> Work task
Look below. Copy each line that has "picture" in it.

Records from a collection:
%%
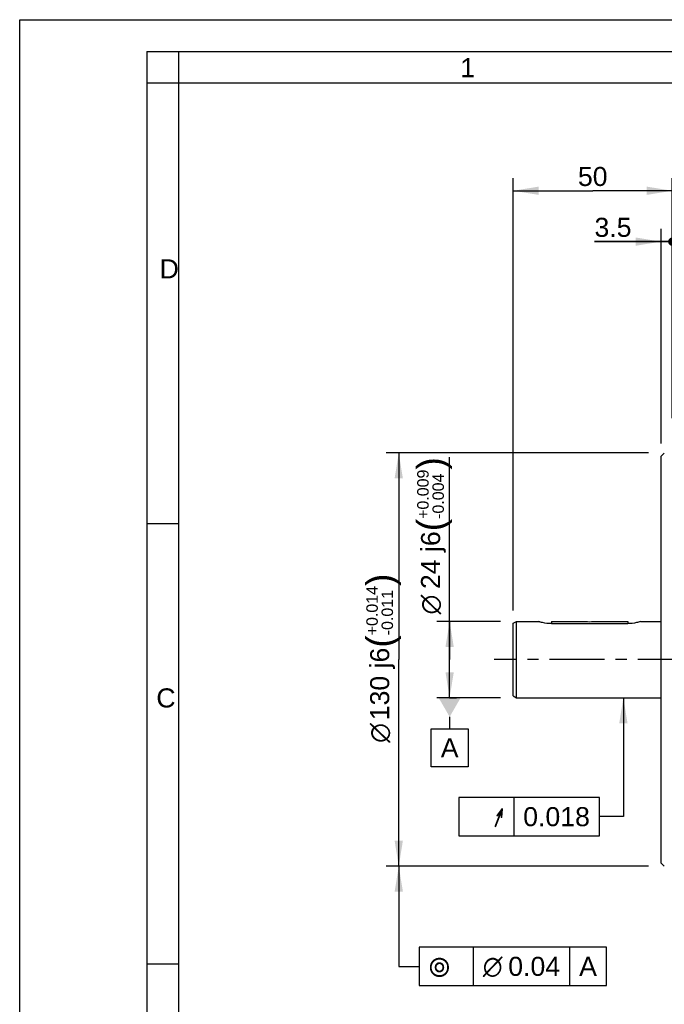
# Model space of a CAD drawing. Header units: millimetres. Extents: x 0 to 420, y 0 to 297.
# Tile 28 of 44: x 0 to 101, y 142 to 297. Entities that reach past the tile are written whole.
import ezdxf
from ezdxf.enums import TextEntityAlignment as Align

# ---------------------------------------------------------------- set-up
doc = ezdxf.new("R2010")
doc.units = ezdxf.units.MM
doc.header["$LTSCALE"] = 23.1
doc.linetypes.add('CENTER', pattern=[0.6, 0.375, -0.075, 0.075, -0.075])
doc.layers.get('0').update_dxf_attribs({"linetype": 'CONTINUOUS'})
for name, color, linetype in [('AXIS', 7, 'CONTINUOUS'), ('COMPONENTS', 7, 'CONTINUOUS'), ('DETAIL', 7, 'CONTINUOUS'), ('DIMENSION', 7, 'CONTINUOUS'), ('DPLANE', 7, 'CONTINUOUS')]:
    doc.layers.add(name, color=color, linetype=linetype)
doc.styles.get("Standard").update_dxf_attribs({"font": 'arial.ttf'})
doc.styles.add('TEXTSTYLE_2', font='arial.ttf')
doc.styles.add('TEXTSTYLE_3', font='arial.ttf')
doc.styles.add('TEXTSTYLE_4', font='gdt')
doc.dimstyles.new('DIMSTYLE_1', dxfattribs={"dimtxt": 3, "dimasz": 4, "dimexe": 0.18, "dimexo": 0.0625, "dimgap": 0.09, "dimtad": 1, "dimlfac": 2, "dimdsep": 46, "dimtxsty": 'STANDARD', "dimblk": '_FILLED', "dimblk1": '_FILLED', "dimblk2": '_FILLED', "dimcen": 0.09, "dimadec": 0, "dimazin": 0, "dimtp": 0.1, "dimtm": 0.1, "dimtfac": 1, "dimtofl": 0, "dimtmove": 0, "dimatfit": 3, "dimldrblk": '_FILLED', "dimfxl": 1, "dimtolj": 1, "dimarcsym": 0})
doc.dimstyles.new('DIMSTYLE_2', dxfattribs={"dimtxt": 3, "dimasz": 4, "dimexe": 0.18, "dimexo": 0.0625, "dimgap": 0.09, "dimtad": 1, "dimlfac": 2, "dimdsep": 46, "dimtxsty": 'STANDARD', "dimblk": '_FILLED', "dimblk1": '_FILLED', "dimblk2": '_FILLED', "dimcen": 0.09, "dimadec": 0, "dimazin": 0, "dimtp": 0.2, "dimtm": 0.2, "dimtfac": 1, "dimtofl": 0, "dimtmove": 0, "dimatfit": 3, "dimldrblk": '_FILLED', "dimfxl": 1, "dimtolj": 1, "dimarcsym": 0})
doc.dimstyles.new('DIMSTYLE_4', dxfattribs={"dimtxt": 3, "dimasz": 4, "dimexe": 0.18, "dimexo": 0.0625, "dimgap": 0.09, "dimtad": 1, "dimlfac": 2, "dimdsep": 46, "dimtxsty": 'STANDARD', "dimblk": '_FILLED', "dimblk1": '_FILLED', "dimblk2": '_FILLED', "dimcen": 0.09, "dimadec": 0, "dimazin": 0, "dimtp": 0.3, "dimtm": 0.3, "dimtfac": 1, "dimtofl": 0, "dimtmove": 0, "dimatfit": 3, "dimldrblk": '_FILLED', "dimfxl": 1, "dimtolj": 1, "dimarcsym": 0})
doc.dimstyles.new('DIMSTYLE_6', dxfattribs={"dimtxt": 3, "dimasz": 4, "dimexe": 0.18, "dimexo": 0.0625, "dimgap": 0.09, "dimtad": 1, "dimdec": 3, "dimlfac": 2, "dimdsep": 46, "dimtxsty": 'STANDARD', "dimblk": '_FILLED', "dimblk1": '_FILLED', "dimblk2": '_FILLED', "dimcen": 0.09, "dimadec": 0, "dimazin": 0, "dimtol": 1, "dimtp": 0.014, "dimtm": 0.011, "dimtfac": 0.6, "dimtdec": 3, "dimtofl": 0, "dimtmove": 0, "dimatfit": 3, "dimldrblk": '_FILLED', "dimfxl": 1, "dimtolj": 1, "dimarcsym": 0})
doc.dimstyles.new('DIMSTYLE_7', dxfattribs={"dimtxt": 3, "dimasz": 4, "dimexe": 0.18, "dimexo": 0.0625, "dimgap": 0.09, "dimtad": 1, "dimdec": 3, "dimlfac": 2, "dimdsep": 46, "dimtxsty": 'STANDARD', "dimblk": '_FILLED', "dimblk1": '_FILLED', "dimblk2": '_FILLED', "dimcen": 0.09, "dimadec": 0, "dimazin": 0, "dimtol": 1, "dimtp": 0.009, "dimtm": 0.004, "dimtfac": 0.6, "dimtdec": 3, "dimtofl": 0, "dimtmove": 0, "dimatfit": 3, "dimldrblk": '_FILLED', "dimfxl": 1, "dimtolj": 1, "dimarcsym": 0})
doc.dimstyles.get("Standard").update_dxf_attribs({"dimtxt": 3, "dimasz": 4, "dimexe": 0.18, "dimexo": 0.0625, "dimgap": 0.09, "dimtad": 1, "dimdec": 3, "dimdsep": 46, "dimtxsty": 'STANDARD', "dimblk": '_FILLED', "dimblk1": '_FILLED', "dimblk2": '_FILLED', "dimcen": 0.09, "dimadec": 0, "dimazin": 0, "dimtol": 1, "dimtp": 0.001, "dimtm": 0.001, "dimtfac": 1, "dimtdec": 3, "dimtofl": 0, "dimtmove": 0, "dimatfit": 3, "dimldrblk": '_FILLED', "dimfxl": 1, "dimtolj": 1, "dimarcsym": 0})

# ---------------------------------------------------------------- blocks, each defined once
blk = doc.blocks.new('_FILLED')
at = {"color": 0, "linetype": 'BYBLOCK'}
blk.add_solid([(0, 0), (-1, 0.1625), (-1, -0.1625)], dxfattribs=at)
blk = doc.blocks.new('_DOT')
at = {"color": 0, "linetype": 'BYBLOCK'}
blk.add_line((-0.1625, 0), (-1, 0), dxfattribs=at)
at = {"color": 0, "linetype": 'BYBLOCK', "const_width": 0.1625}
blk.add_lwpolyline([(-0.08125, 0, 1), (0.08125, 0, 1)], format="xyb", close=True, dxfattribs=at)
blk = doc.blocks.new('*D0')
at = {"layer": 'DIMENSION', "color": 2, "linetype": 'CONTINUOUS'}
for p, q in [((100.85, 230.34), (100.85, 264.09)), ((102.6, 234.57), (102.6, 264.09)), ((100.85, 262.09), (90.38, 262.09)), ((90.38, 262.09), (101.73, 262.09)), ((108.6, 262.09), (101.73, 262.09)), ((102.6, 262.09), (108.6, 262.09))]:
    blk.add_line(p, q, dxfattribs=at)
at = {"layer": 'DIMENSION', "color": 2, "linetype": 'CONTINUOUS', "xscale": 4, "yscale": 4, "zscale": 4}
blk.add_blockref('_FILLED', (100.85, 262.09), dxfattribs=at)
at = {"layer": 'DIMENSION', "color": 2, "linetype": 'CONTINUOUS', "xscale": 4, "yscale": 4, "zscale": 4, "rotation": 180}
blk.add_blockref('_DOT', (102.6, 262.09), dxfattribs=at)
at = {"layer": 'DIMENSION', "color": 2, "linetype": 'CONTINUOUS', "insert": (96.2, 265.84), "char_height": 3, "width": 5.8216, "attachment_point": 3, "line_spacing_factor": 0.9}
blk.add_mtext('3.5', dxfattribs=at)
blk = doc.blocks.new('*D1')
at = {"layer": 'DIMENSION', "color": 2, "linetype": 'CONTINUOUS'}
for p, q in [((102.6, 235.37), (102.6, 264.09)), ((108.6, 234.59), (108.6, 264.09)), ((102.6, 262.09), (96.6, 262.09)), ((96.6, 262.09), (105.6, 262.09)), ((118.53, 262.09), (105.6, 262.09)), ((108.6, 262.09), (118.53, 262.09))]:
    blk.add_line(p, q, dxfattribs=at)
at = {"layer": 'DIMENSION', "color": 2, "linetype": 'CONTINUOUS', "xscale": 4, "yscale": 4, "zscale": 4}
blk.add_blockref('_DOT', (102.6, 262.09), dxfattribs=at)
at = {"layer": 'DIMENSION', "color": 2, "linetype": 'CONTINUOUS', "xscale": 4, "yscale": 4, "zscale": 4, "rotation": 180}
blk.add_blockref('_FILLED', (108.6, 262.09), dxfattribs=at)
at = {"layer": 'DIMENSION', "color": 2, "linetype": 'CONTINUOUS', "insert": (113.87, 265.84), "char_height": 3, "width": 4.6617, "attachment_point": 1, "line_spacing_factor": 0.9}
blk.add_mtext('12', dxfattribs=at)
blk = doc.blocks.new('*D6')
at = {"layer": 'DIMENSION', "color": 2, "linetype": 'CONTINUOUS'}
for p, q in [((77.6, 204.05), (77.6, 272.09)), ((102.6, 234.3), (102.6, 272.09)), ((77.6, 270.09), (90.1, 270.09)), ((102.6, 270.09), (90.1, 270.09))]:
    blk.add_line(p, q, dxfattribs=at)
at = {"layer": 'DIMENSION', "color": 2, "linetype": 'CONTINUOUS', "xscale": 4, "yscale": 4, "zscale": 4, "rotation": 180}
blk.add_blockref('_FILLED', (77.6, 270.09), dxfattribs=at)
at = {"layer": 'DIMENSION', "color": 2, "linetype": 'CONTINUOUS', "xscale": 4, "yscale": 4, "zscale": 4}
blk.add_blockref('_FILLED', (102.6, 270.09), dxfattribs=at)
at = {"layer": 'DIMENSION', "color": 2, "linetype": 'CONTINUOUS', "insert": (90.1, 273.84), "char_height": 3, "width": 4.6617, "attachment_point": 2, "line_spacing_factor": 0.9}
blk.add_mtext('50', dxfattribs=at)
blk = doc.blocks.new('*D13')
at = {"layer": 'DIMENSION', "color": 2, "linetype": 'CONTINUOUS'}
for p, q in [((98.85, 228.84), (57.6, 228.84)), ((59.6, 228.84), (59.6, 196.34)), ((59.6, 163.84), (59.6, 196.34)), ((98.85, 163.84), (57.6, 163.84))]:
    blk.add_line(p, q, dxfattribs=at)
at = {"layer": 'DIMENSION', "color": 2, "linetype": 'CONTINUOUS', "xscale": 4, "yscale": 4, "zscale": 4}
for p, rotation in [((59.6, 228.84), 90), ((59.6, 163.84), 270)]:
    blk.add_blockref('_FILLED', p, dxfattribs=dict(at, rotation=rotation))
at = {"layer": 'DIMENSION', "color": 2, "linetype": 'CONTINUOUS'}
for s, height, p in [(')', 4.2, (58.7, 208.89)), ('(', 4.2, (58.7, 199.19)), ('130 j6', 3, (58.1, 192.51))]:
    blk.add_text(s, height=height, rotation=90, dxfattribs=at).set_placement(p, align=Align.CENTER)
for s, height, style, p in [('+0.014', 1.8, 'TEXTSTYLE_3', (56.3, 204.04)), ('-0.011', 1.8, 'TEXTSTYLE_3', (58.7, 203.73)), ('n', 3, 'TEXTSTYLE_4', (58.1, 184.8))]:
    blk.add_text(s, height=height, rotation=90, dxfattribs=dict(at, style=style)).set_placement(p, align=Align.CENTER)
blk = doc.blocks.new('*D14')
at = {"layer": 'DIMENSION', "color": 2, "linetype": 'CONTINUOUS'}
for p, q in [((67.6, 196.34), (67.6, 228.18)), ((75.6, 202.34), (65.6, 202.34)), ((67.6, 202.34), (67.6, 196.34)), ((67.6, 190.34), (67.6, 196.34)), ((75.6, 190.34), (65.6, 190.34))]:
    blk.add_line(p, q, dxfattribs=at)
at = {"layer": 'DIMENSION', "color": 2, "linetype": 'CONTINUOUS', "xscale": 4, "yscale": 4, "zscale": 4}
for p, rotation in [((67.6, 202.34), 90), ((67.6, 190.34), 270)]:
    blk.add_blockref('_FILLED', p, dxfattribs=dict(at, rotation=rotation))
at = {"layer": 'DIMENSION', "color": 2, "linetype": 'CONTINUOUS'}
for s, height, p in [(')', 4.2, (66.7, 226.23)), ('(', 4.2, (66.7, 216.52)), ('24 j6', 3, (66.1, 207.44))]:
    blk.add_text(s, height=height, rotation=90, dxfattribs=at).set_placement(p)
for s, height, style, p in [('+0.009', 1.8, 'TEXTSTYLE_3', (64.3, 218.47)), ('-0.004', 1.8, 'TEXTSTYLE_3', (66.7, 218.47)), ('n', 3, 'TEXTSTYLE_4', (66.1, 203.44))]:
    blk.add_text(s, height=height, rotation=90, dxfattribs=dict(at, style=style)).set_placement(p)

msp = doc.modelspace()

# ---------------------------------------------------------------- linework, layer by layer
at = {"color": 2, "linetype": 'CONTINUOUS'}
for p, q in [((0, 0), (0, 297)), ((0, 297), (420, 297)), ((20, 292), (20, 5)), ((20, 292), (415, 292)), ((25, 287), (25, 292)), ((25, 287), (20, 287)), ((20, 217.75), (25, 217.75)), ((20, 148.5), (25, 148.5))]:
    msp.add_line(p, q, dxfattribs=at)
at = {"color": 7, "linetype": 'CONTINUOUS'}
for p in [(25, 10), (410, 287)]:
    msp.add_line(p, (25, 287), dxfattribs=at)
at = {"layer": 'AXIS', "color": 2, "linetype": 'CENTER'}
msp.add_line((258.29253, 196.33596), (74.60323, 196.33596), dxfattribs=at)
at = {"layer": 'COMPONENTS', "color": 7, "linetype": 'CONTINUOUS'}
for p, q in [((100.85323, 228.33596), (101.35323, 228.83596)), ((100.85323, 164.33596), (100.85323, 228.33596)), ((77.60323, 190.62463), (77.60323, 202.04728)), ((77.60332, 202.04713), (78.10332, 202.3358)), ((78.10324, 190.33596), (78.10324, 202.33596)), ((78.10324, 202.33596), (81.60324, 202.33596)), ((81.60548, 202.33518), (81.60329, 202.33591)), ((83.60323, 202.33596), (83.60323, 201.99281)), ((83.60323, 202.33596), (88.97823, 202.33596)), ((83.60323, 201.99281), (95.60323, 201.99281)), ((88.97823, 202.33596), (88.98925, 202.33482)), ((90.21735, 202.33483), (90.22823, 202.33596)), ((90.22823, 202.33596), (95.60323, 202.33596)), ((95.60323, 202.33596), (95.60323, 201.99281)), ((97.60318, 202.33591), (97.60098, 202.33518)), ((97.60323, 202.33596), (100.85323, 202.33596)), ((77.60332, 190.62478), (78.10332, 190.33611)), ((78.10324, 190.33596), (100.85323, 190.33596)), ((100.85323, 164.33595), (101.35323, 163.83595))]:
    msp.add_line(p, q, dxfattribs=at)
msp.add_arc((89.60323, 208.30219), 5.99887, 264.1255382, 275.8758268, dxfattribs=at)
for points, knots in [([(81.60329, 202.33591), (81.60647, 202.33465), (81.65819, 202.31931), (81.70895, 202.30135), (81.75714, 202.28642)], [0, 0, 0, 0, 0.063497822, 1, 1, 1, 1]), ([(83.60323, 201.99281), (83.13961, 201.99281), (82.45933, 202.07886), (81.80854, 202.26812), (81.60548, 202.33518)], [0, 0, 0, 0, 0.684348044, 1, 1, 1, 1]), ([(97.60098, 202.33518), (97.39792, 202.26812), (96.74713, 202.07886), (96.06685, 201.99281), (95.60323, 201.99281)], [0, 0, 0, 0, 0.315657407, 1, 1, 1, 1])]:
    msp.add_open_spline(points, degree=3, knots=knots, dxfattribs=at)
at = {"layer": 'DETAIL', "color": 2, "linetype": 'CONTINUOUS'}
for p, q in [((77.66953, 174.63362), (77.66953, 168.63362)), ((71.31322, 151.08596), (71.31322, 145.08596)), ((86.46563, 151.08596), (86.46563, 145.08596))]:
    msp.add_line(p, q, dxfattribs=at)
for points in [[(69.04453, 168.63362), (91.1528, 168.63362), (91.1528, 174.63362)], [(91.1528, 174.63362), (69.04453, 174.63362), (69.04453, 168.63362)], [(62.81322, 145.08596), (92.25374, 145.08596), (92.25374, 151.08596)], [(92.25374, 151.08596), (62.81322, 151.08596), (62.81322, 145.08596)]]:
    msp.add_lwpolyline(points, dxfattribs=at)
at = {"layer": 'DPLANE', "color": 2, "linetype": 'CONTINUOUS'}
for p, q in [((67.60323, 190.33596), (68.65635, 190.33596)), ((67.60323, 187.33596), (67.60323, 185.46156)), ((64.70917, 179.46156), (64.70917, 185.46156)), ((64.70917, 185.46156), (70.49728, 185.46156)), ((70.49728, 185.46156), (70.49728, 179.46156)), ((70.49728, 179.46156), (64.70917, 179.46156))]:
    msp.add_line(p, q, dxfattribs=at)
msp.add_solid([(69.33528, 190.33596), (65.87118, 190.33596), (67.60323, 187.33596)], dxfattribs=at)

# ---------------------------------------------------------------- texts
at = {"color": 2, "linetype": 'CONTINUOUS', "char_height": 3, "attachment_point": 1, "line_spacing_factor": 0.9, "style": 'TEXTSTYLE_2'}
for s, insert, width in [('1', (69.27205, 290.95221), 2.330855), ('D', (22.00079, 259.30541), 3.0223048), ('C', (21.4816, 191.81181), 3.0223048)]:
    msp.add_mtext(s, dxfattribs=dict(at, insert=insert, width=width))
at = {"layer": 'DETAIL', "color": 2, "linetype": 'CONTINUOUS', "style": 'TEXTSTYLE_4'}
msp.add_text('h', height=3, dxfattribs=at).set_placement((76.16953, 170.13362), align=Align.RIGHT)
at = {"layer": 'DETAIL', "color": 2, "linetype": 'CONTINUOUS'}
msp.add_text('0.018', height=3, dxfattribs=at).set_placement((89.6528, 170.13362), align=Align.RIGHT)
at = {"layer": 'DETAIL', "color": 2, "linetype": 'CONTINUOUS', "style": 'TEXTSTYLE_4'}
for s, p in [('r', (64.31322, 146.58596)), ('n', (72.81322, 146.58596))]:
    msp.add_text(s, height=3, dxfattribs=at).set_placement(p)
at = {"layer": 'DETAIL', "color": 2, "linetype": 'CONTINUOUS'}
for s, p in [('0.04', (76.81322, 146.58596)), ('A', (87.96563, 146.58596))]:
    msp.add_text(s, height=3, dxfattribs=at).set_placement(p)
at = {"layer": 'DPLANE', "color": 2, "linetype": 'CONTINUOUS', "insert": (66.20917, 183.96156), "char_height": 3, "width": 2.7881041, "attachment_point": 1, "line_spacing_factor": 0.9}
msp.add_mtext('A', dxfattribs=at)

# ---------------------------------------------------------------- dimensions: what is measured, and where the dimension line sits
at = {"layer": 'DIMENSION', "color": 2, "linetype": 'CONTINUOUS'}
dim = msp.add_linear_dim(base=(102.60323, 270.08597), p1=(77.6033, 204.04713), p2=(102.60323, 234.30265), dimstyle='DIMSTYLE_4', dxfattribs=at)
dim.commit()
dim.dimension.update_dxf_attribs({"geometry": '*D6', "text_midpoint": (87.77241, 272.33597), "dimtype": 160})
for base, p1, p2, dimstyle, override, picture, middle in [((102.60323, 262.08597), (100.85323, 230.33596), (102.60323, 234.57073), 'DIMSTYLE_1', {"dimblk2": 'DOT', "dimsah": 1}, '*D0', (87.46744, 264.33597)), ((108.60323, 262.08597), (102.60323, 235.37499), (108.60323, 234.58596), 'DIMSTYLE_2', {"dimblk1": 'DOT', "dimsah": 1}, '*D1', (116.19844, 264.33597))]:
    dim = msp.add_linear_dim(base=base, p1=p1, p2=p2, dimstyle=dimstyle, override=override, dxfattribs=at)
    dim.commit()
    dim.dimension.update_dxf_attribs({"geometry": picture, "text_midpoint": middle, "dimtype": 160})
for base, p1, p2, dimstyle, picture, middle in [((59.60323, 163.83596), (98.85323, 228.83596), (98.85323, 163.83596), 'DIMSTYLE_6', '*D13', (57.79986, 195.00576)), ((67.60323, 190.33596), (75.60323, 202.33596), (75.60323, 190.33596), 'DIMSTYLE_7', '*D14', (64.60323, 215.81193))]:
    dim = msp.add_linear_dim(base=base, p1=p1, p2=p2, angle=270, text='%%c<>', dimstyle=dimstyle, override={"dimpost": '<>j6'}, dxfattribs=at)
    dim.commit()
    dim.dimension.update_dxf_attribs({"geometry": picture, "text_midpoint": middle, "dimtype": 160})

# ---------------------------------------------------------------- leaders
at = {"layer": 'DETAIL', "color": 2, "linetype": 'CONTINUOUS'}
for points in [[(94.91893, 190.33596), (94.91893, 171.63362), (91.1528, 171.63362)], [(59.60323, 163.83596), (59.60323, 148.08596), (62.81322, 148.08596)]]:
    msp.add_leader(points, dimstyle='STANDARD', override={"dimtad": 0}, dxfattribs=at)

doc.saveas('drawing.dxf')
%%
> Answer to this task
for base, p1, p2, dimstyle, override, picture, middle in [((102.60323, 262.08597), (100.85323, 230.33596), (102.60323, 234.57073), 'DIMSTYLE_1', {"dimblk2": 'DOT', "dimsah": 1}, '*D0', (87.46744, 264.33597)), ((108.60323, 262.08597), (102.60323, 235.37499), (108.60323, 234.58596), 'DIMSTYLE_2', {"dimblk1": 'DOT', "dimsah": 1}, '*D1', (116.19844, 264.33597))]:
    dim.dimension.update_dxf_attribs({"geometry": picture, "text_midpoint": middle, "dimtype": 160})
for base, p1, p2, dimstyle, picture, middle in [((59.60323, 163.83596), (98.85323, 228.83596), (98.85323, 163.83596), 'DIMSTYLE_6', '*D13', (57.79986, 195.00576)), ((67.60323, 190.33596), (75.60323, 202.33596), (75.60323, 190.33596), 'DIMSTYLE_7', '*D14', (64.60323, 215.81193))]:
    dim.dimension.update_dxf_attribs({"geometry": picture, "text_midpoint": middle, "dimtype": 160})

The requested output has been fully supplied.